Piccole e medie Imprese e l’accesso al credito: una corsa ad ostacoli con lo ‘snodo’ dei bilanci


Da ItaliaOggi. Grazie anche alle Linee guida Eba, che entreranno pienamente in vigore il 30 giugno, ma già ampiamente anticipate da molti istituti di credito, ogni richiesta di finanziamento bancario di una piccola e media impresa si sta trasformando in un percorso di guerra tra scartoffie, dati più o meno plausibili, interpretazioni giuridiche ed economiche più o meno fondate. Fino a qualche decennio fa l’accesso al credito bancario era basato sulla conoscenza diretta tra imprenditore e direttore di filiale, e il finanziamento lo si otteneva sostanzialmente sulla fiducia. Oppure offrendo in garanzia la casa o il capannone o altro diritto reale. Adesso le cose sono cambiate, sulla base però di esigenze che, se possono avere un senso per la grande impresa, lo hanno molto meno per le piccole e medie, che si trovano davanti a richieste di informazioni che l’imprenditore, normalmente, non ha mai nemmeno immaginato di gestire.
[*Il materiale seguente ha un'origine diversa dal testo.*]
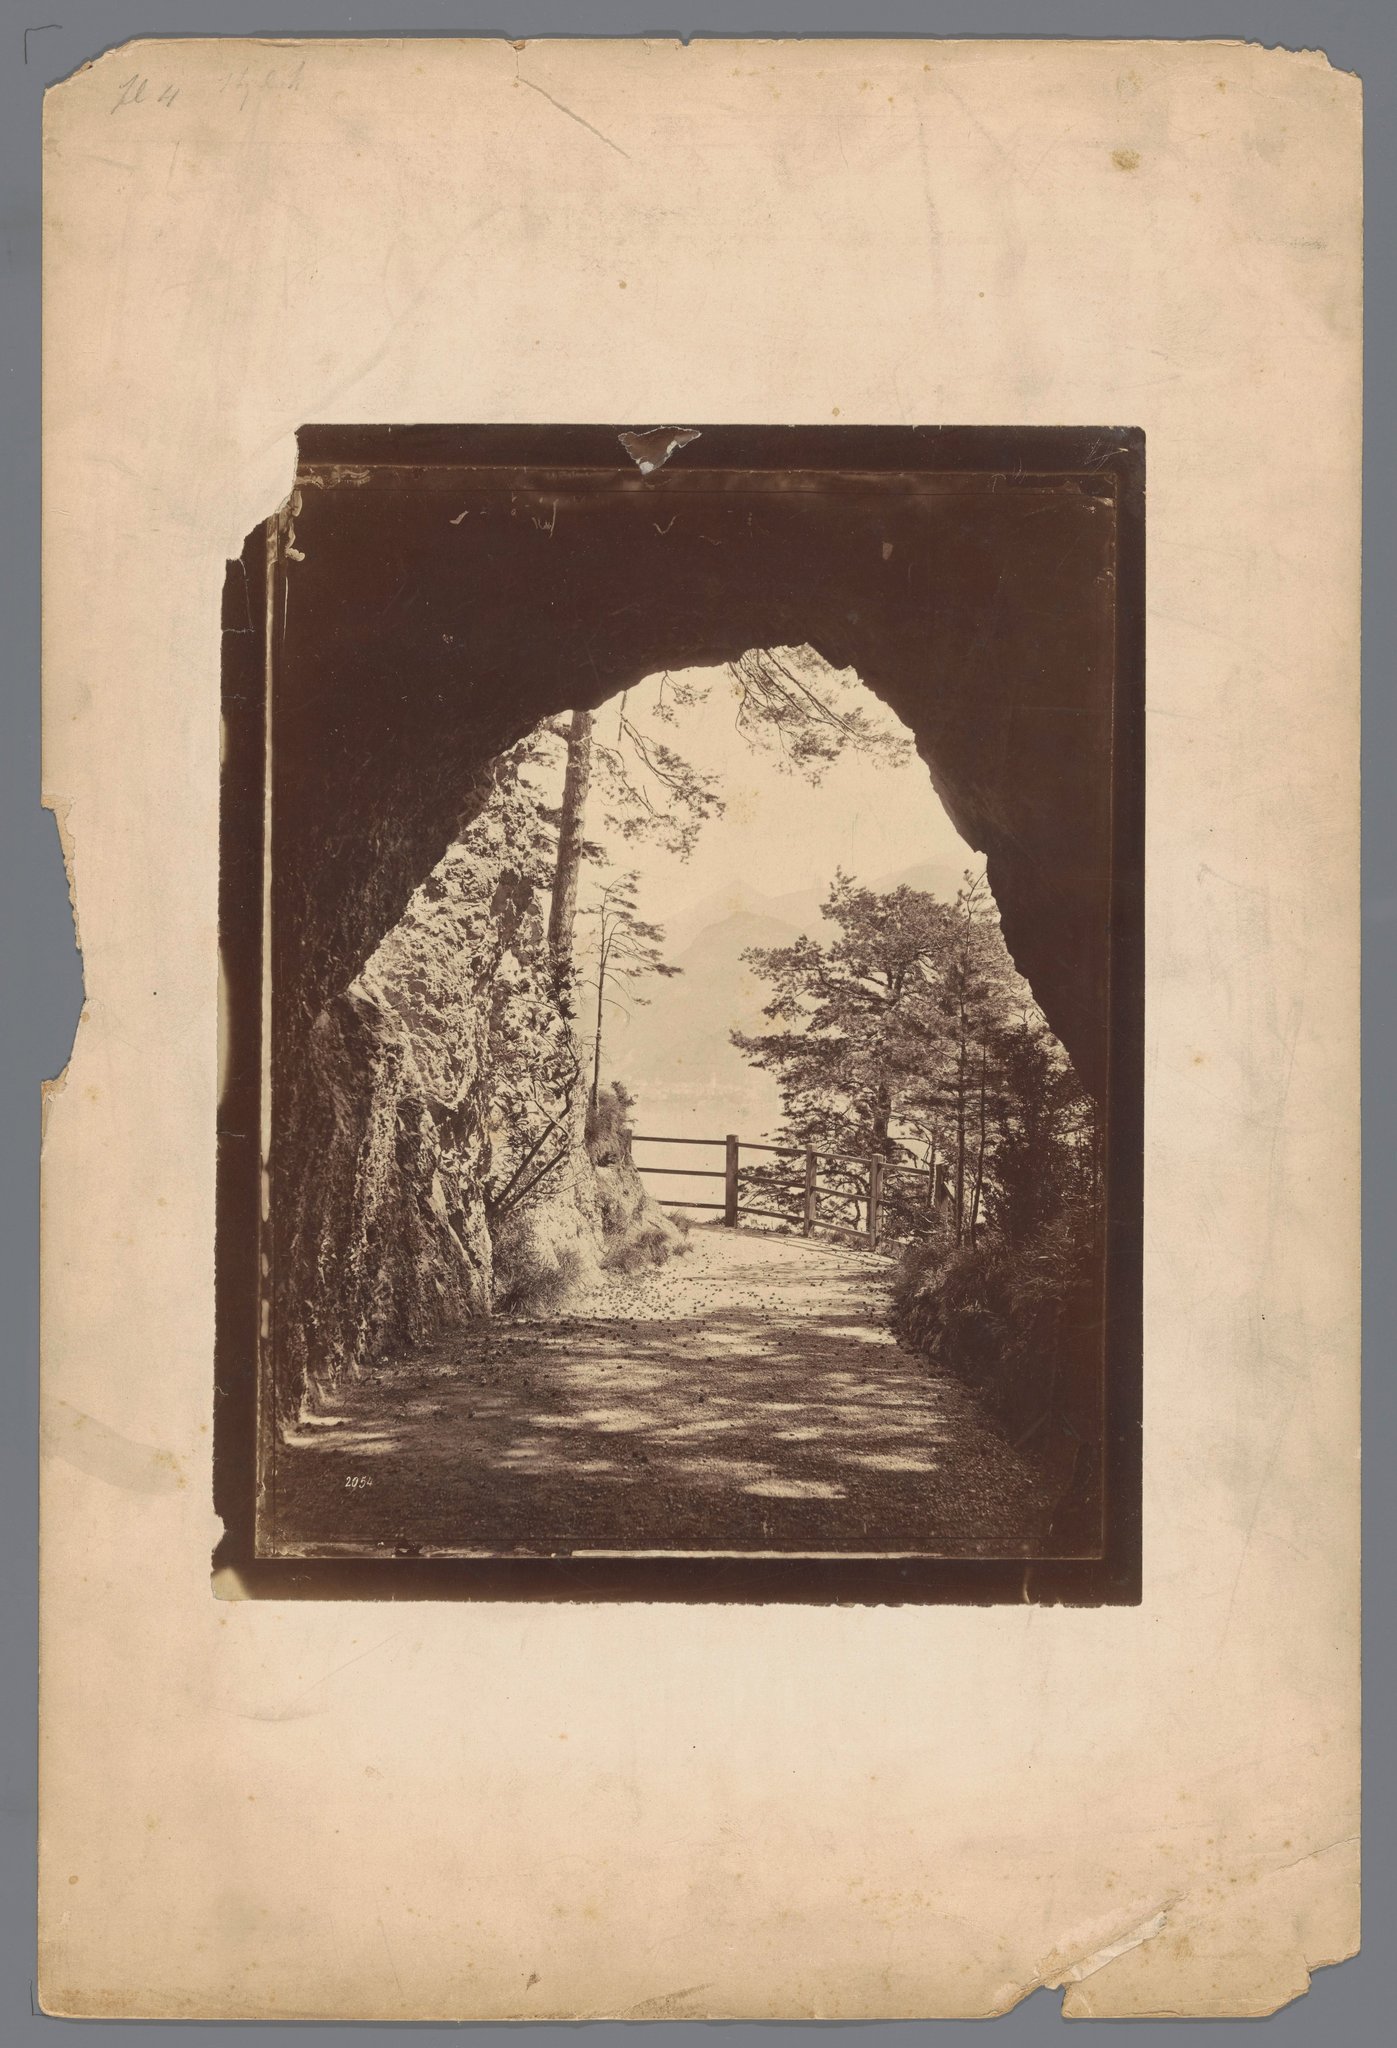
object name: photograph
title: Bergpad (vermoedelijk) te Italië
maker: gustave eugène chauffourier
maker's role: fotograaf
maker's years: 1845-1919
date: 1875-1900
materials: photographic support
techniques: albumen print
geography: italy
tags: road, path, mountains
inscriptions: number: ‘2054’, collector's mark: Lugt 3937, annotation: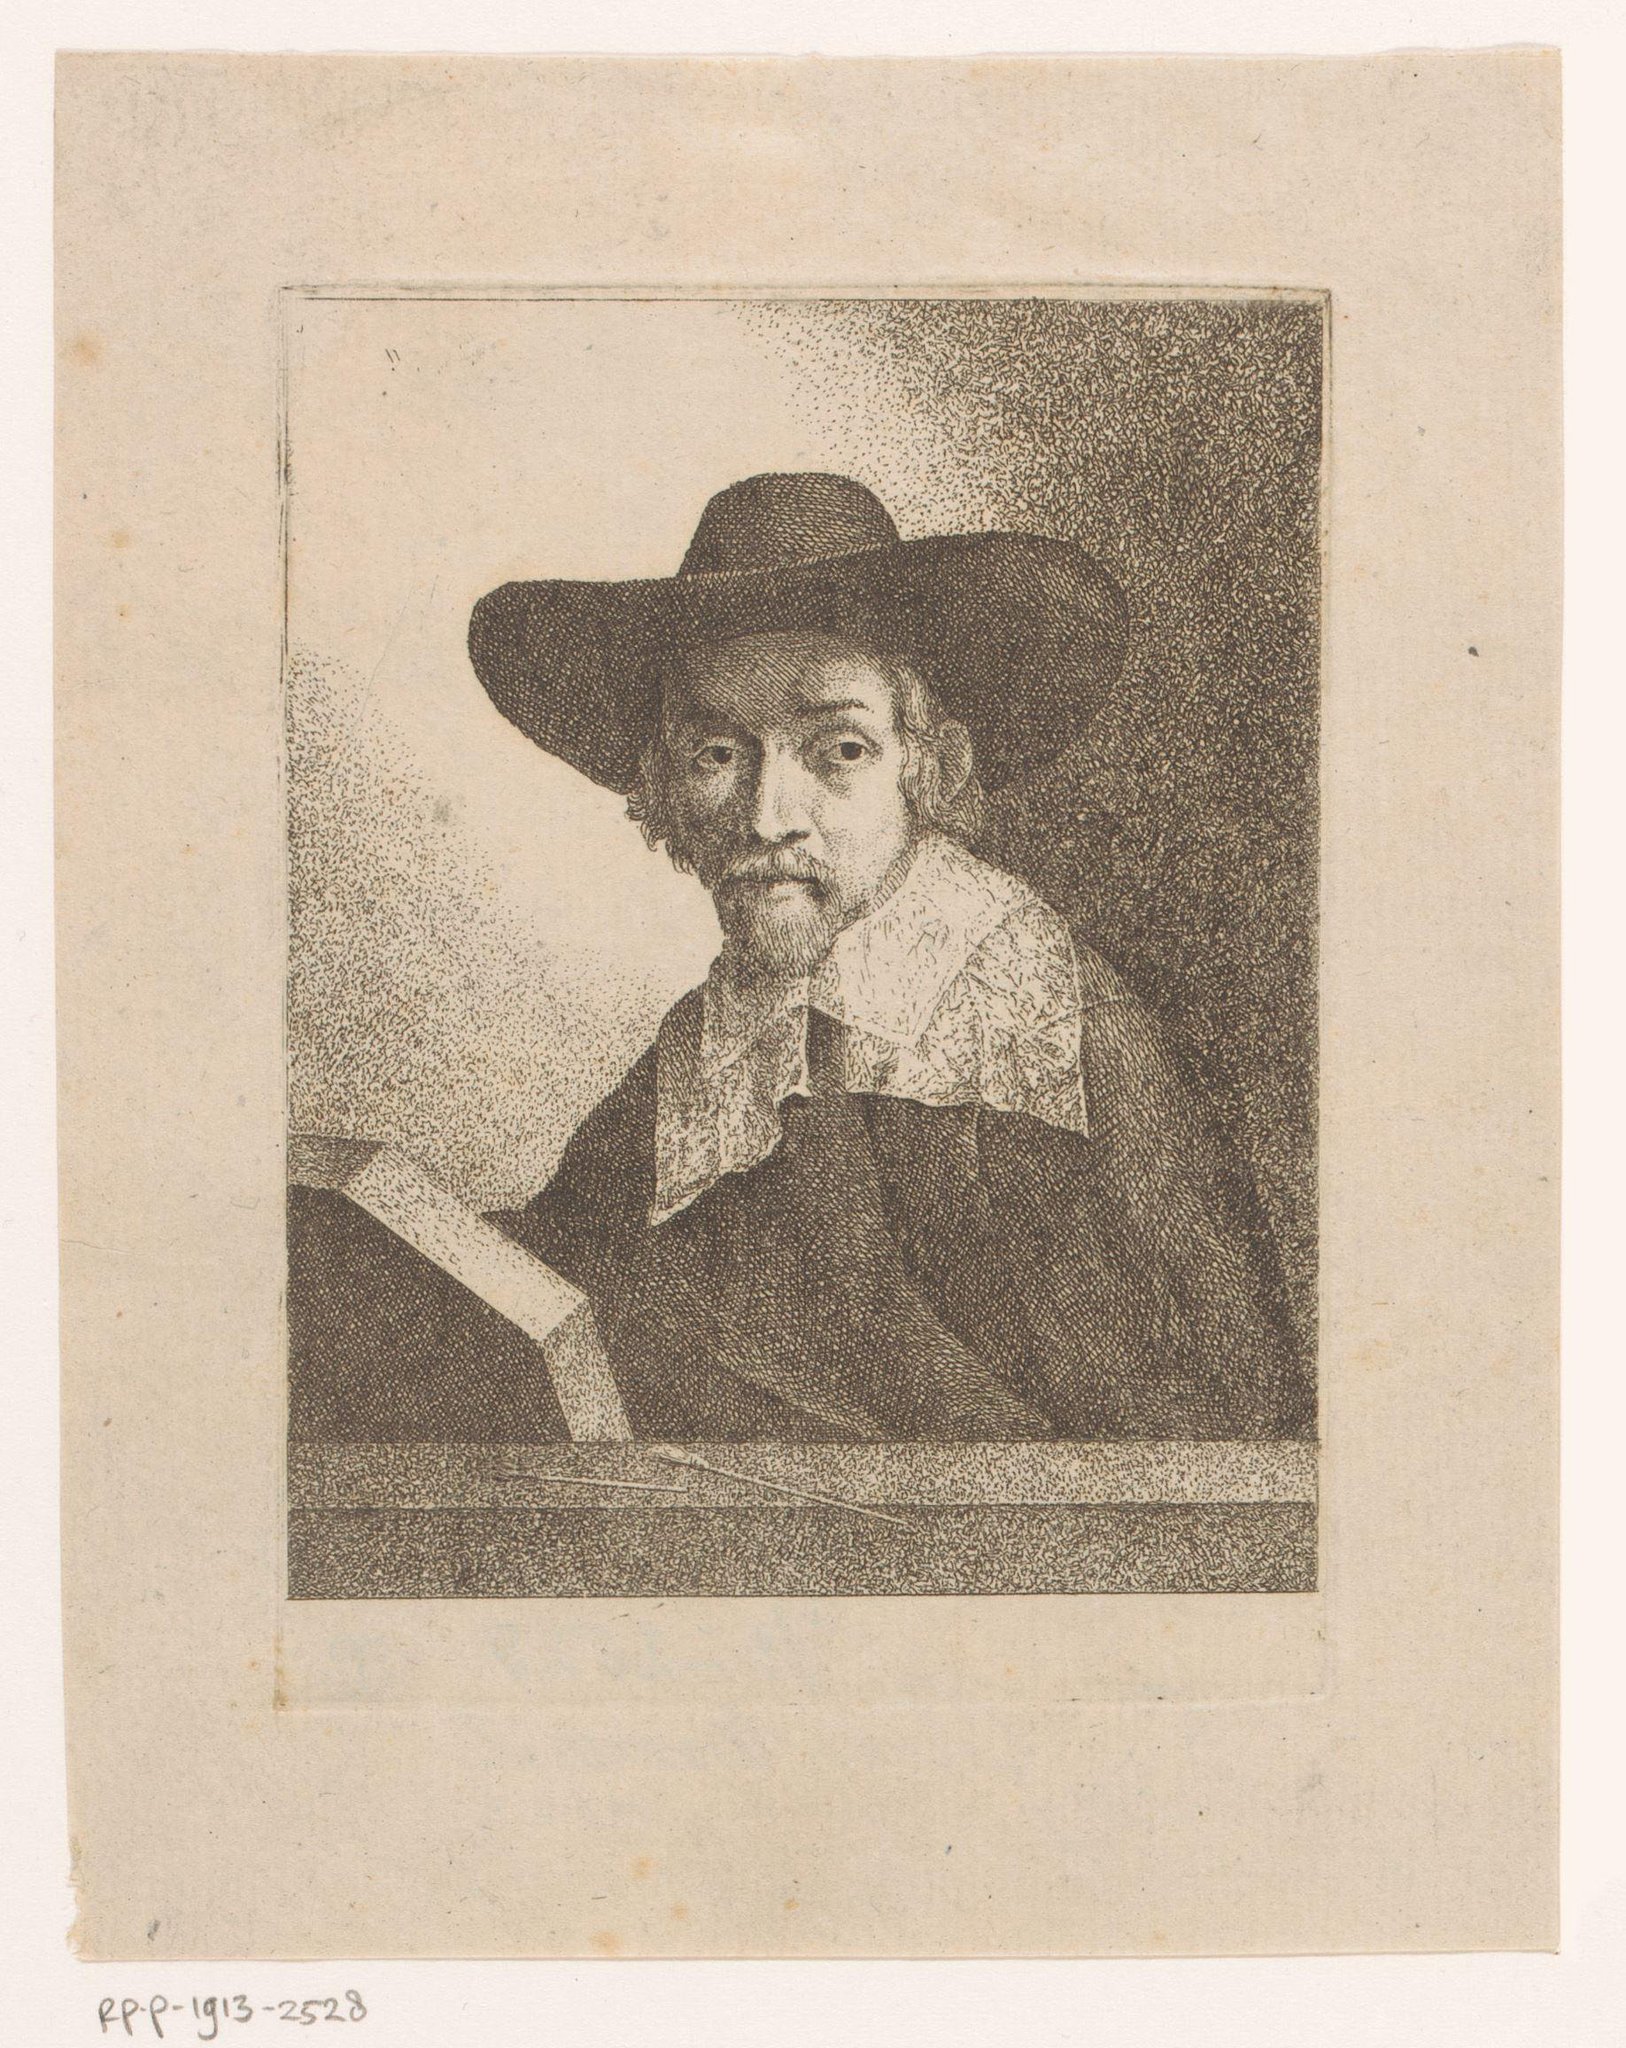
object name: print
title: Portret van Jan Asselijn
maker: andreas bernardus de quertenmont
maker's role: draughtsman, print maker
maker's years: 1750-1835
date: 1760-1835
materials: paper
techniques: etching
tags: draughtsman, jan asselijn, head-gear, adult man, historical persons
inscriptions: collector's mark: Lugt 2228, collector's mark: Lugt 1485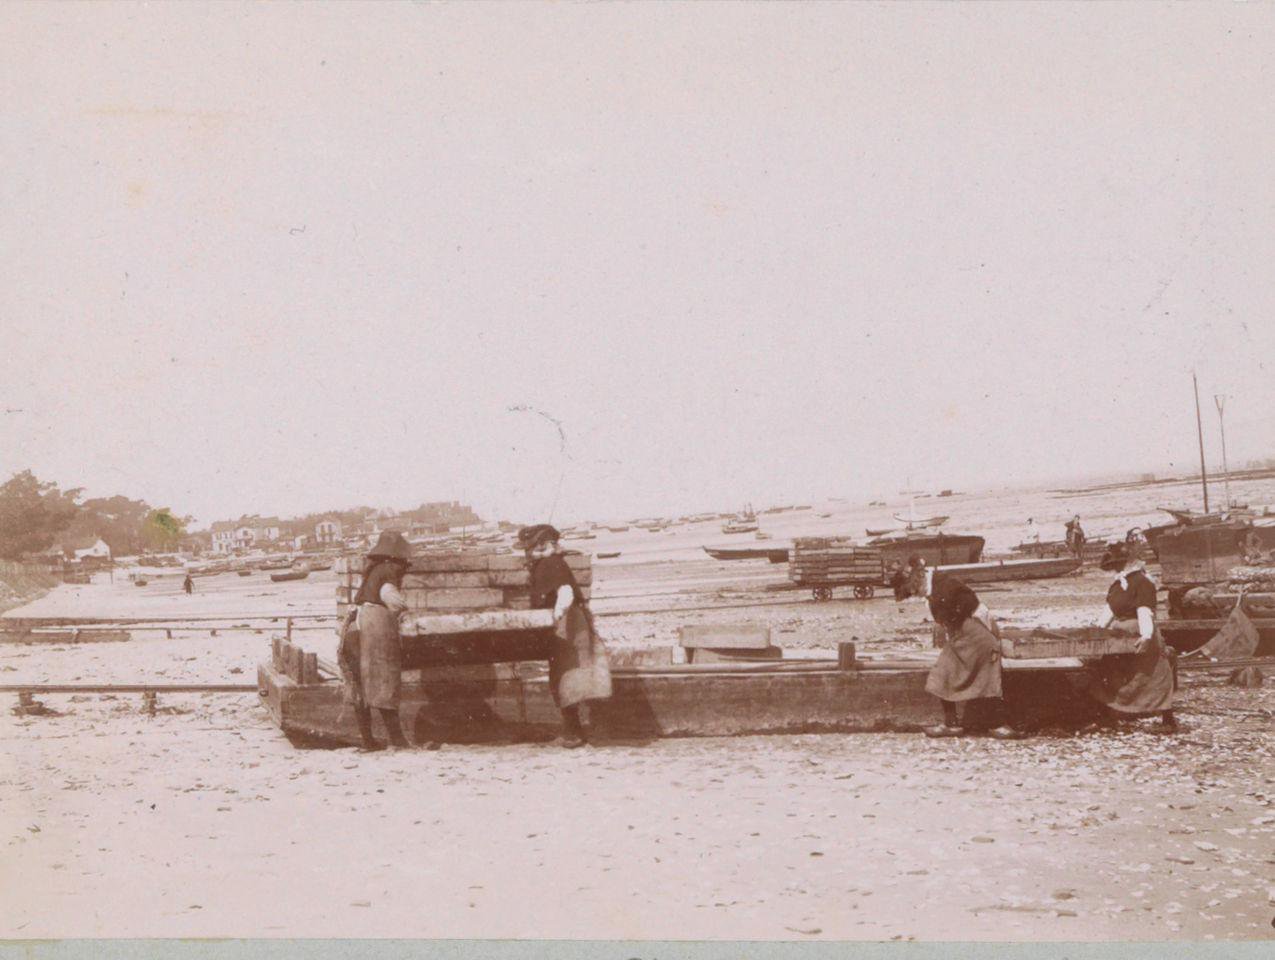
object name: photograph
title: Vissersvrouwen sjouwen (vermoedelijk) bakken met vangst op het strand bij Arcachon
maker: delizy
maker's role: manufacturer
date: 1803-1897
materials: paper, photographic support
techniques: gelatin silver print
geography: arcachon
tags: rowing-boat, canoe, etc., beach, fisherman, ships, boats on land, beached
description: Onderdeel van Fotoalbum van een Franse amateurfotograaf met opnames van uitstapjes in Frankrijk, Spanje, België, Luxemburg en Nederland, de eerste automobielen en autoraces.

La lista dei documenti richiesti è lunghissima e a volte astrusa. Si parte dalle informazioni sulla finalità del prestito, se del caso munite di prove adeguate, a seguire prospetti di bilancio e note di accompagnamento (a livello di entità singola ed eventualmente di consolidato), quindi stato patrimoniale, conto economico, flussi di cassa, relativi ad un certo numero di anni, con conti certificati e sottoposti a revisione contabile, se del caso. Poi un prospetto di anzianità dei crediti, un piano aziendale e proiezioni finanziarie (stato patrimoniale, conto economico, flussi di cassa), evidenze dei pagamenti fiscali e delle eventuali passività fiscali e previdenziali. Poi dati dei registri dei crediti contenenti info sulle passività finanziarie e sugli arretrati di pagamento, eventualmente con informazioni sul rating esterno del cliente, sulle clausole restrittive esistenti e sul loro rispetto. Le informazioni su eventuali contenziosi di un certo spessore, sulle eventuali garanzie reali offerte, il loro valore ed eventuale assicurazione oltre che sulla loro esigibilità. Sulle garanzie personali e altri fattori di attenuazione del rischio, oltre che sulla struttura proprietaria ai fini della prevenzione del riciclaggio.

Come se tutto ciò non bastasse bisogna adeguarsi alle nuove politiche green che impongono alle banche di tener conto dell’esposizione dell’azienda “ai fattori Esg, in particolare ai fattori ambientali e all’impatto sul cambiamento climatico, e all’adeguatezza delle strategie di mitigazione” (dalle linee guida Eba).

Niente informazioni, niente credito (sarà poi tutto da dimostrare quanto questi business plan, la capacità di rimborso del debito o gli altri key performance indicator siano realistici). Caricati come muli da tutti questi adempimenti e da tutte queste magnifiche sorti e progressive le Pmi nostrane dovrebbero, in un mercato globale, fare concorrenza alle imprese cinesi o indiane che da tutte queste scartoffie sono completamente esentate?